The COVID-19 pandemic has been a major healthcare disrupter. In disruption’s wake, COVID-19 also has precipitated a new range of activities, including expanding the content, context and funding of telehealth. This article will explore how electronic healthcare (eHealth) delivery has changed in the wake of the global pandemic and suggest some new ways forward.
The diminishing physical aspect of the clinician–patient interaction has been evident for some time, leading not only to increasing telehealth consultations, but also to patients increasingly seeking their own healthcare solutions online.1 ‘Health’ is the second most frequently searched term in Google, accounting for 57% of the more than two trillion searches in 2016. Currently, there are more than 300,000 health apps listed on the internet. If you looked at one per day, it would take more than 800 years to review them all.
Unfortunately, quantity does not necessarily equate with quality. Patients are often bewildered by content and lured by the promise of user-friendliness. During isolation, increased use of health apps persists, even though they deliver much less than they promise. A systematic review of 23 trials of health apps that promised a specific outcome, such as losing weight, showed a meaningful result in fewer than half of them, and most of the trials were only small studies over short periods of time.2
For-profit eHealth apps typically focus on frequently occurring conditions. Examples include single topic areas that have been well researched, such as diabetes or hypertension. Even then, out-of-date information, inaccessible or expired sites, and lack of supporting references and author information are common. The limitations of some men’s health apps and sites are well documented. For example, only one in four prostate cancer websites identified the author of the information.3 More than half had no references; when references were provided, fewer than a quarter cited were reliable. Half of recently reviewed health apps for gout were either no longer available to download or had not been updated since their release (over a year or more before).4
Poor health apps can have unintended consequences for underserved or marginalised populations.5 For example, people living with disabilities and chronic illnesses spend more time online with apps than their abled counterparts and caregivers.6 eHealth apps require regulation, and regulators and global health agencies are beginning to turn their attention to these apps. Increased activity is warranted.
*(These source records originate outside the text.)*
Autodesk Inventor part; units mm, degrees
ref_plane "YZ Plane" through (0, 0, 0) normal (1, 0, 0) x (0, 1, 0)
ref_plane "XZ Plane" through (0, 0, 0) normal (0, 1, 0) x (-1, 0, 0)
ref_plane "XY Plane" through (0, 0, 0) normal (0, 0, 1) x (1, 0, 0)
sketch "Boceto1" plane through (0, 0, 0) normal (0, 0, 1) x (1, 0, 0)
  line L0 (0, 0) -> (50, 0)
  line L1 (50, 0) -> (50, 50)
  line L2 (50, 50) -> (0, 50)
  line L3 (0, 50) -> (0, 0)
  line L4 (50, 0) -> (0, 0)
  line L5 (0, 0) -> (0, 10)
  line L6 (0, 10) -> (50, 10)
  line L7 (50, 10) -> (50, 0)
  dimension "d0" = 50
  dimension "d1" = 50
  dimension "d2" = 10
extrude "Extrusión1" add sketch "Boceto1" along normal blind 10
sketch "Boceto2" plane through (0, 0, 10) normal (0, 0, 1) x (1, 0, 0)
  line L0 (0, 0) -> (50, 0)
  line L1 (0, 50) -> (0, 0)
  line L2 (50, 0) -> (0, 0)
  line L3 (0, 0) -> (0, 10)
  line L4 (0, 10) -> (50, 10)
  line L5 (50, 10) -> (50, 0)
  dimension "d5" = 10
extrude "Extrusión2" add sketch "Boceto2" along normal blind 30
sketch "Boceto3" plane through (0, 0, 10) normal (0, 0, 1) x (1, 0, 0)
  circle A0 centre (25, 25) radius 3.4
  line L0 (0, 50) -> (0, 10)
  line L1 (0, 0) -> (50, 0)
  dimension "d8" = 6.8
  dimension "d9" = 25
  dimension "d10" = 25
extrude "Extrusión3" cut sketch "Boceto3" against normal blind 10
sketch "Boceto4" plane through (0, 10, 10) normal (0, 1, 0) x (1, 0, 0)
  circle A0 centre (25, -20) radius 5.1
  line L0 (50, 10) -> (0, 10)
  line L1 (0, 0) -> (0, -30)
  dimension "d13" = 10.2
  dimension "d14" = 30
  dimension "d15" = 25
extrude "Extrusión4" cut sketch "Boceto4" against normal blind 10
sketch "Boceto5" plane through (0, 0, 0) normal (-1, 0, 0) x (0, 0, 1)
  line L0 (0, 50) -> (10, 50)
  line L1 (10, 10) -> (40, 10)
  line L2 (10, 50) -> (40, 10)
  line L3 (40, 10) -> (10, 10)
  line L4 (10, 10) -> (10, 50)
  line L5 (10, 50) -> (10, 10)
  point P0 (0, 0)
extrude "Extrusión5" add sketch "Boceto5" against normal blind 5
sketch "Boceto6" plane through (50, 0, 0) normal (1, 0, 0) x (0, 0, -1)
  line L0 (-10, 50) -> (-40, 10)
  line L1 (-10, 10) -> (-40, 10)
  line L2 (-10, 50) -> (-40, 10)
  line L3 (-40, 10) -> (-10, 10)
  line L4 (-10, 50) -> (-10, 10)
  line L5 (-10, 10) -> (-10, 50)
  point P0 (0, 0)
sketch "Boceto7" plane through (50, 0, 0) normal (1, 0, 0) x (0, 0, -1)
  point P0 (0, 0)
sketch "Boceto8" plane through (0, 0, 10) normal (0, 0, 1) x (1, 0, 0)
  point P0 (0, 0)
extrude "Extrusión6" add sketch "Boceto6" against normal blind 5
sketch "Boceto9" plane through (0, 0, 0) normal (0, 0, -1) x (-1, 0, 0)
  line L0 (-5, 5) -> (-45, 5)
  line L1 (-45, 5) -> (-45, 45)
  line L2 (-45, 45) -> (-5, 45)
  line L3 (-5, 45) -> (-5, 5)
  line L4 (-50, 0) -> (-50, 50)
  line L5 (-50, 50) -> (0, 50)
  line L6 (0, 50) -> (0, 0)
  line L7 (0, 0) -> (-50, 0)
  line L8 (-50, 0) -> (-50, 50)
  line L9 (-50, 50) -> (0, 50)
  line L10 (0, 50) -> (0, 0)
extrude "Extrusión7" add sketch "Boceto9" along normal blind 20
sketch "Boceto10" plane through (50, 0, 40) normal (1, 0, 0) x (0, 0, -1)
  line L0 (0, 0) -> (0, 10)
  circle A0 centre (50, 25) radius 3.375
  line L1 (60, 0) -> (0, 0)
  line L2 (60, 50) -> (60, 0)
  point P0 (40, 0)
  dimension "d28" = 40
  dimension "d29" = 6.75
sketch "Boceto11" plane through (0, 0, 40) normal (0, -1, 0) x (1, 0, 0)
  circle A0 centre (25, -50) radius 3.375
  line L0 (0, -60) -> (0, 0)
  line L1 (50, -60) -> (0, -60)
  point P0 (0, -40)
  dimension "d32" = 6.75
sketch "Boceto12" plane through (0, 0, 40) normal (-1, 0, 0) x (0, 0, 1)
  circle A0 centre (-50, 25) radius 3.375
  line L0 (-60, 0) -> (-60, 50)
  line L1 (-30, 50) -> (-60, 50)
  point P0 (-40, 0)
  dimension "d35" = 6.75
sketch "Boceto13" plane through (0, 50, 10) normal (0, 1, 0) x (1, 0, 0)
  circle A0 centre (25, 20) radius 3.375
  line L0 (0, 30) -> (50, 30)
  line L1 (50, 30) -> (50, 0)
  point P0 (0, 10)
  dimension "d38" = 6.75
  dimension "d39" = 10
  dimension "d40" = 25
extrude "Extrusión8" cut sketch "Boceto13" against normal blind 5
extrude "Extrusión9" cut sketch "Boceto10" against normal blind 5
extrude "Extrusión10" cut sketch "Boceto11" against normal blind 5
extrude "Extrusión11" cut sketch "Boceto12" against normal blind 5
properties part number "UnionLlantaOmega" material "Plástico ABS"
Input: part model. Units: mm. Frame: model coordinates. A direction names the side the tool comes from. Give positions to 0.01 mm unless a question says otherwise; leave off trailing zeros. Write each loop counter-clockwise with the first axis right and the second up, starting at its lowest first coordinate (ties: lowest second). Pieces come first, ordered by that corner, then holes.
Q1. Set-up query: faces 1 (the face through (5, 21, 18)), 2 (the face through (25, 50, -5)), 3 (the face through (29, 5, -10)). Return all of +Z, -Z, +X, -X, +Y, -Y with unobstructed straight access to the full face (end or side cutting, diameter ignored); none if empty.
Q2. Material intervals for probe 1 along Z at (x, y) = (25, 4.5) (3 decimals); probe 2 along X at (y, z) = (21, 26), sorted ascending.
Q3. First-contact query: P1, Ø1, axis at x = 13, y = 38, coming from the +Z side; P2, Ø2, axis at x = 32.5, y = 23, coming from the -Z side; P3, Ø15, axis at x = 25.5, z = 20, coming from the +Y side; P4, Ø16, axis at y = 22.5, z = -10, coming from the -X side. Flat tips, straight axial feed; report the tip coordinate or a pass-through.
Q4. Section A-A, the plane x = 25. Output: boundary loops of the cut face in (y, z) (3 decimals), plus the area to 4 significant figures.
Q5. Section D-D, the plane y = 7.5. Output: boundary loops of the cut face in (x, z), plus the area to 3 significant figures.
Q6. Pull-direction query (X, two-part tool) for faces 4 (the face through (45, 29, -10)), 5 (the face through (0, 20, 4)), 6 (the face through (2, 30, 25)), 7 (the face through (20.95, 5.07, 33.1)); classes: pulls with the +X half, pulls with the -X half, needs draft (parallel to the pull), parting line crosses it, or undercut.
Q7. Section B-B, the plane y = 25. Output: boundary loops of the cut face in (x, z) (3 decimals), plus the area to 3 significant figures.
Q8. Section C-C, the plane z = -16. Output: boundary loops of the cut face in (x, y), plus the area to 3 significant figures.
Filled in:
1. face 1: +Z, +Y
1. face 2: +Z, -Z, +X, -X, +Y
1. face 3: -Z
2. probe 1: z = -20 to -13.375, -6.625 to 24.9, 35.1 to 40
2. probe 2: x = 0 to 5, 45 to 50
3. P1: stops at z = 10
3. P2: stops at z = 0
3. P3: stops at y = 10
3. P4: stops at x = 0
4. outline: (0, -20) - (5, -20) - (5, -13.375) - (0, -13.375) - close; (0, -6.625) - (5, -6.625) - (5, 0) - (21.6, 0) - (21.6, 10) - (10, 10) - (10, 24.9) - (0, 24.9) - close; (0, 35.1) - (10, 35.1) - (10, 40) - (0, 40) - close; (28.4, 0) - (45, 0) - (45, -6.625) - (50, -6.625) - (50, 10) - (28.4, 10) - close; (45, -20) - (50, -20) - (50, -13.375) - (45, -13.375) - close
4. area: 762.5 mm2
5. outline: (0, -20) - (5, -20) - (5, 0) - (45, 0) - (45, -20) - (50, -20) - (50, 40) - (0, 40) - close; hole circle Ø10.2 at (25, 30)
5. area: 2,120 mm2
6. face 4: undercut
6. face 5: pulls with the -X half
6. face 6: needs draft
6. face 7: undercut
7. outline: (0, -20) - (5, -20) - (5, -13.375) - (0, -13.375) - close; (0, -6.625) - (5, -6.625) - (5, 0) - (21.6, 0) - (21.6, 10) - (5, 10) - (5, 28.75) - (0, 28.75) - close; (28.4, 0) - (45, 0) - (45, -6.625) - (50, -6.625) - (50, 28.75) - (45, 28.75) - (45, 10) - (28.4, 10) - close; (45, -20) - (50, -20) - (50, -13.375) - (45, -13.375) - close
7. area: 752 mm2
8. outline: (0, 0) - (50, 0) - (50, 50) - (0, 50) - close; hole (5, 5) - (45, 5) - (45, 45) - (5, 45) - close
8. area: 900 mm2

On the other side of the eHealth coin are telehealth consultations. In 2020, the Australian Government introduced a range of telehealth services to the Medicare Benefits Schedule. Some of the services, as seen in the rest of world, were not based on any real evidence of need and additional benefit (eg services to people with eating disorders and children with autism). Other services were grounded in some evidence (eg mental health treatment) or fulfilled a public health gap, such as the provision of pre- and post-exposure prophylaxis.
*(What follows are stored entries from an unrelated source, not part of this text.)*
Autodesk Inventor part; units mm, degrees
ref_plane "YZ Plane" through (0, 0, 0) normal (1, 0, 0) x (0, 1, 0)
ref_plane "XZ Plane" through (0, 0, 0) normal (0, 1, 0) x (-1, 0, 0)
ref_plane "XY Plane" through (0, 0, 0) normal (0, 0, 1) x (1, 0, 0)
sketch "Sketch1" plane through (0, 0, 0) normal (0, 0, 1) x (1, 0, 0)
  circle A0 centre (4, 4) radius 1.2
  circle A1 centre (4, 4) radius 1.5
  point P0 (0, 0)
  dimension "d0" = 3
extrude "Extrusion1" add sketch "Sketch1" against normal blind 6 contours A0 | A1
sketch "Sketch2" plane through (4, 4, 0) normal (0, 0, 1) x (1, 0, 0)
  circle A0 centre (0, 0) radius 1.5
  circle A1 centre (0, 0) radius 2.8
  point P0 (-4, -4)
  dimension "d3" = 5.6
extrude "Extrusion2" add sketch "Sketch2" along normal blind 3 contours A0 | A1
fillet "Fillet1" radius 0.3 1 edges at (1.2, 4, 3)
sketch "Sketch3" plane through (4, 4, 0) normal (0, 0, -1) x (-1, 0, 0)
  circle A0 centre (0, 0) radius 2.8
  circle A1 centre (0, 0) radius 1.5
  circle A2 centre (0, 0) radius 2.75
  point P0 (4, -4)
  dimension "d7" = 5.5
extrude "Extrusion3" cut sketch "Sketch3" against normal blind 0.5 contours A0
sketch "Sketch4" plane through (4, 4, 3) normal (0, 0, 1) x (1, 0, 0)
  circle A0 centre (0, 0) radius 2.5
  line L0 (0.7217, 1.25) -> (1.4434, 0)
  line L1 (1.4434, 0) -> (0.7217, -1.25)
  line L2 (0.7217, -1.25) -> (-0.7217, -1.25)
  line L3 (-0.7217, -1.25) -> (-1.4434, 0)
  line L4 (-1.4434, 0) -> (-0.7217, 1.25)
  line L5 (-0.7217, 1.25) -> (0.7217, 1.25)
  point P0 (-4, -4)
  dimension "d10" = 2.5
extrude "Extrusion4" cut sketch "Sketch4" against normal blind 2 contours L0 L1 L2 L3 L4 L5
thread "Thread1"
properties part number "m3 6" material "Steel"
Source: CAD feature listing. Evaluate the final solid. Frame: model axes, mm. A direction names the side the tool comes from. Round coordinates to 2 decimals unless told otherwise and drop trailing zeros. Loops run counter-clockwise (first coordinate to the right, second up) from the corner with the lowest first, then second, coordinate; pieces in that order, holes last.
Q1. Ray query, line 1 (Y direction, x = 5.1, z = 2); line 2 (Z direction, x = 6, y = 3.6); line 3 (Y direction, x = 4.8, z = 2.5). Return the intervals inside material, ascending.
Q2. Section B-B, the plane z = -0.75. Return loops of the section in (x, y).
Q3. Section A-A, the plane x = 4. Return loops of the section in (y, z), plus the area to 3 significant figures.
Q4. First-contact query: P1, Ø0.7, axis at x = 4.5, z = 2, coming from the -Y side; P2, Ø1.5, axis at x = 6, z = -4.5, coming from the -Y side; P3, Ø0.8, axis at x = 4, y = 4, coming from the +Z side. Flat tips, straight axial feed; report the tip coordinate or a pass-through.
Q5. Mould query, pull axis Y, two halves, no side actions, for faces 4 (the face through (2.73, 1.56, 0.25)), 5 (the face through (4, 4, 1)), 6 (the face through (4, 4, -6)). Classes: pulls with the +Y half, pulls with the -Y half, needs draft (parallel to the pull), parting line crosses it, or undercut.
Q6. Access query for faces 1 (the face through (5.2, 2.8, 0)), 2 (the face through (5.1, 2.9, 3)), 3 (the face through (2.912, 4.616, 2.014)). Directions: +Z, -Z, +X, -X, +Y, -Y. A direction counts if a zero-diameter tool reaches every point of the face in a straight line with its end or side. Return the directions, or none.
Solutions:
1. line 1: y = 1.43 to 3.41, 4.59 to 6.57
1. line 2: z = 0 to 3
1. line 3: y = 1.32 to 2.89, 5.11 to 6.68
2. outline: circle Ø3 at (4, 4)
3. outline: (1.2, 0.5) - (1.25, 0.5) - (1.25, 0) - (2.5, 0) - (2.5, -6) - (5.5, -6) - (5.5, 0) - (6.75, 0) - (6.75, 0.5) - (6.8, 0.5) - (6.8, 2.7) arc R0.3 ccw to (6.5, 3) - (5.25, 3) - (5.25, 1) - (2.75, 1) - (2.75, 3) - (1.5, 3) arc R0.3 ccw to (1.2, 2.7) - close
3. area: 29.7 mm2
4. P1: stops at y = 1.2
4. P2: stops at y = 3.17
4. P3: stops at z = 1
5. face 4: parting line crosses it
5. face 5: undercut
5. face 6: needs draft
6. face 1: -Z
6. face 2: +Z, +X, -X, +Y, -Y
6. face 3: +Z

To date, telehealth has focused on talking assessment and therapy. The physical examination component has been limited to home-based measurements such as blood pressure and temperature and gross observational assessments of skin, respiratory rate and musculoskeletal movements.7
More challenging in the pandemic environment is the investigation of other ailments via telehealth, such as sexually transmissible infections. Primary care clinicians who provide these services in environments where the COVID-19 burden is high are already reporting a lack of personal protective equipment; limited supplies, such as swabs, due to categorisation as a ‘nonessential’ service; and limited laboratory services when state health departments maximise COVID-19 testing and private laboratories no longer collect specimens but require them to be delivered by patients.8
Notwithstanding all these issues, flat-screen health is here to stay. Global medical entrepreneurs – such as Babylon Health, bots or macros in electronic medical records – will be taking over diagnostic interviewing.9 This provides an opportunity for a broader range of remote and technical skills. For example, digitised electronic stethoscopes and electrocardiography via smartphones have been on the market for some time.10 Using these remote technologies requires training and supervision not often provided in medical schools and specialty training to urban physicians. Programs of technical training need to be introduced so that telehealth can provide a more complete consultation.
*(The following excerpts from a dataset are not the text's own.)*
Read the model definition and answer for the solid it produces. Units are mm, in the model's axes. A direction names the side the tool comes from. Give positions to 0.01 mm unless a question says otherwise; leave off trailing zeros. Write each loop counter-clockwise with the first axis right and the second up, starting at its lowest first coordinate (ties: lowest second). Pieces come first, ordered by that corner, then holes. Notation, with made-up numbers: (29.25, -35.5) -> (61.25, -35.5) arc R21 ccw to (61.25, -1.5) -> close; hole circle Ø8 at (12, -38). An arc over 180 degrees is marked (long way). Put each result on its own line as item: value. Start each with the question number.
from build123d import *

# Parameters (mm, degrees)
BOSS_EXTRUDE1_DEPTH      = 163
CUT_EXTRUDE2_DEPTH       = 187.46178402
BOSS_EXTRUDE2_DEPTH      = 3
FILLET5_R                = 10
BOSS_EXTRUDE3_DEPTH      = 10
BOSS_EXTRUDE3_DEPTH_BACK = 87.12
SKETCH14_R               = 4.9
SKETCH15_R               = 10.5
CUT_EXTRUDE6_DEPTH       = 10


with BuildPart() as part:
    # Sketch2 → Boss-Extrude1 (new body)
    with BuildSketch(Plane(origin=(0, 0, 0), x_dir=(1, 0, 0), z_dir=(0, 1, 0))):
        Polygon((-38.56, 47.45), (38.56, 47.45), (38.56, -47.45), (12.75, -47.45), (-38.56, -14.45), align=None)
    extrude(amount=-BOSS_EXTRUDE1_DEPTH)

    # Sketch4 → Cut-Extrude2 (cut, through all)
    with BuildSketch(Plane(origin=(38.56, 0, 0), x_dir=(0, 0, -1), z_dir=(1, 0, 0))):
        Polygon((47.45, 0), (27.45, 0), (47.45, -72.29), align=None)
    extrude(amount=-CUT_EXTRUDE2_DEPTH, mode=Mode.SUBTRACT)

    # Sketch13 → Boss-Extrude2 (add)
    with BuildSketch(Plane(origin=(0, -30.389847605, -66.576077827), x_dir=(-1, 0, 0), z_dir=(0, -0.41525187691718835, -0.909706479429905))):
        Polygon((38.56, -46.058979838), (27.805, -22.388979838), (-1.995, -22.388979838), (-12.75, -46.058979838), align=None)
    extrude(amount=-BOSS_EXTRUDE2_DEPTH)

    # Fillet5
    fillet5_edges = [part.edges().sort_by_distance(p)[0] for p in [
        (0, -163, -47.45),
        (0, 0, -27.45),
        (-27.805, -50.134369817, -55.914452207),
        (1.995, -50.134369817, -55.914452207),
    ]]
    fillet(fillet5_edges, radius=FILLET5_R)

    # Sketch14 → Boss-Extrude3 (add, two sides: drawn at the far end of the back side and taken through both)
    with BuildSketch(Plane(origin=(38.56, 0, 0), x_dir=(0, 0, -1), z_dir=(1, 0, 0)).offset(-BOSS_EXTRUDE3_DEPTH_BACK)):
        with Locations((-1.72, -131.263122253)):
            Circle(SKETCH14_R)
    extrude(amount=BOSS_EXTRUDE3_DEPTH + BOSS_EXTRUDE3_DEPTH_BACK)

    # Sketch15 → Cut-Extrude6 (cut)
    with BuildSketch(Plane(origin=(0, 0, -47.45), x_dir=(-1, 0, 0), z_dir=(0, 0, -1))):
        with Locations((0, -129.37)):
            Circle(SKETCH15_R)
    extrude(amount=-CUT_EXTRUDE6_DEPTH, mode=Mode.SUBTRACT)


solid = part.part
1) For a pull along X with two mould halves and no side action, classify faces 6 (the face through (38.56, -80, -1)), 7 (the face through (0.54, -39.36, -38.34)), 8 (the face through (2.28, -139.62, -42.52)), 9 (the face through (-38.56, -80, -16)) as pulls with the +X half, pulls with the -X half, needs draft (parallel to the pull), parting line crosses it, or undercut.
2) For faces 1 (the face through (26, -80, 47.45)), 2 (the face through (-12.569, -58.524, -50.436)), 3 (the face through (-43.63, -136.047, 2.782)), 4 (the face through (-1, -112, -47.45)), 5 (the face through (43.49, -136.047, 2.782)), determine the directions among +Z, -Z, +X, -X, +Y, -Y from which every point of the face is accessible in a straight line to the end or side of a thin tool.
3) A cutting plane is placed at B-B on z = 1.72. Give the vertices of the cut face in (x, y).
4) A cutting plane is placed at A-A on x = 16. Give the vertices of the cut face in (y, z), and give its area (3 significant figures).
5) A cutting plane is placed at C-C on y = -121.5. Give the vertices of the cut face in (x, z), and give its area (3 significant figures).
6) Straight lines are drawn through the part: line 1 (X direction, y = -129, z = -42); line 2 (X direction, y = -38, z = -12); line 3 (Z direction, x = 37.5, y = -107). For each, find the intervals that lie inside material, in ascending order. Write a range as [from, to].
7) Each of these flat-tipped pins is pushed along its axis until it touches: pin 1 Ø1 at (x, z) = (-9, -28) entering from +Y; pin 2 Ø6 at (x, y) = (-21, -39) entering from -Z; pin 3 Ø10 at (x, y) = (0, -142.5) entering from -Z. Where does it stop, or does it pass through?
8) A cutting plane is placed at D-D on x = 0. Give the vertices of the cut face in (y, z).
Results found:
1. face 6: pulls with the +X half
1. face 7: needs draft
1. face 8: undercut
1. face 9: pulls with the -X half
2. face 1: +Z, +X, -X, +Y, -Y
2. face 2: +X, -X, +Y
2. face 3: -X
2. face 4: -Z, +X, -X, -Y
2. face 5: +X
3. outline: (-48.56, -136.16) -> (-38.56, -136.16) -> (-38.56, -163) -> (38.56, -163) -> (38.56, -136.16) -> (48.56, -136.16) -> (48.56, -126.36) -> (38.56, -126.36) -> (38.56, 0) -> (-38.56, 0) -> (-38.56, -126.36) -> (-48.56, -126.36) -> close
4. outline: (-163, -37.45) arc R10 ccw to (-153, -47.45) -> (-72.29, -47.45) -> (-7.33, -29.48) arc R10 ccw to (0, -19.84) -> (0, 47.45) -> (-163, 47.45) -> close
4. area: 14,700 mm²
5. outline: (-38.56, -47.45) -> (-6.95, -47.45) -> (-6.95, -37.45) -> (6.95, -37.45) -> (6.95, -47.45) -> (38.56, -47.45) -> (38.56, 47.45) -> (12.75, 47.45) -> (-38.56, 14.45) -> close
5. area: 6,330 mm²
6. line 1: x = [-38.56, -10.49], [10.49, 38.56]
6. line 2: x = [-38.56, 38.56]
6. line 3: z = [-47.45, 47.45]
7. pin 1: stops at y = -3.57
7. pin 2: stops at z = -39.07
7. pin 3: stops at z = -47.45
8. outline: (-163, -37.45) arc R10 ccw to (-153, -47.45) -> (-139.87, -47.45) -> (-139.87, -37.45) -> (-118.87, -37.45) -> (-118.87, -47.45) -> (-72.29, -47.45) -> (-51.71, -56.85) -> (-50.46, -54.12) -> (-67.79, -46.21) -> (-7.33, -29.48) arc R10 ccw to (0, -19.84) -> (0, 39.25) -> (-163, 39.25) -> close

There are many challenges to clinicians undertaking telehealth, and even more to researchers who will need to conduct deep-dive assessments to supplement the growing literature evaluating patient satisfaction and the talking part of telehealth, and to observe and correlate a broader range of technical, diagnostic and therapeutic aspects. Regulators and global health agencies also might consider working on ways to ensure ethical practices and outcomes are maintained.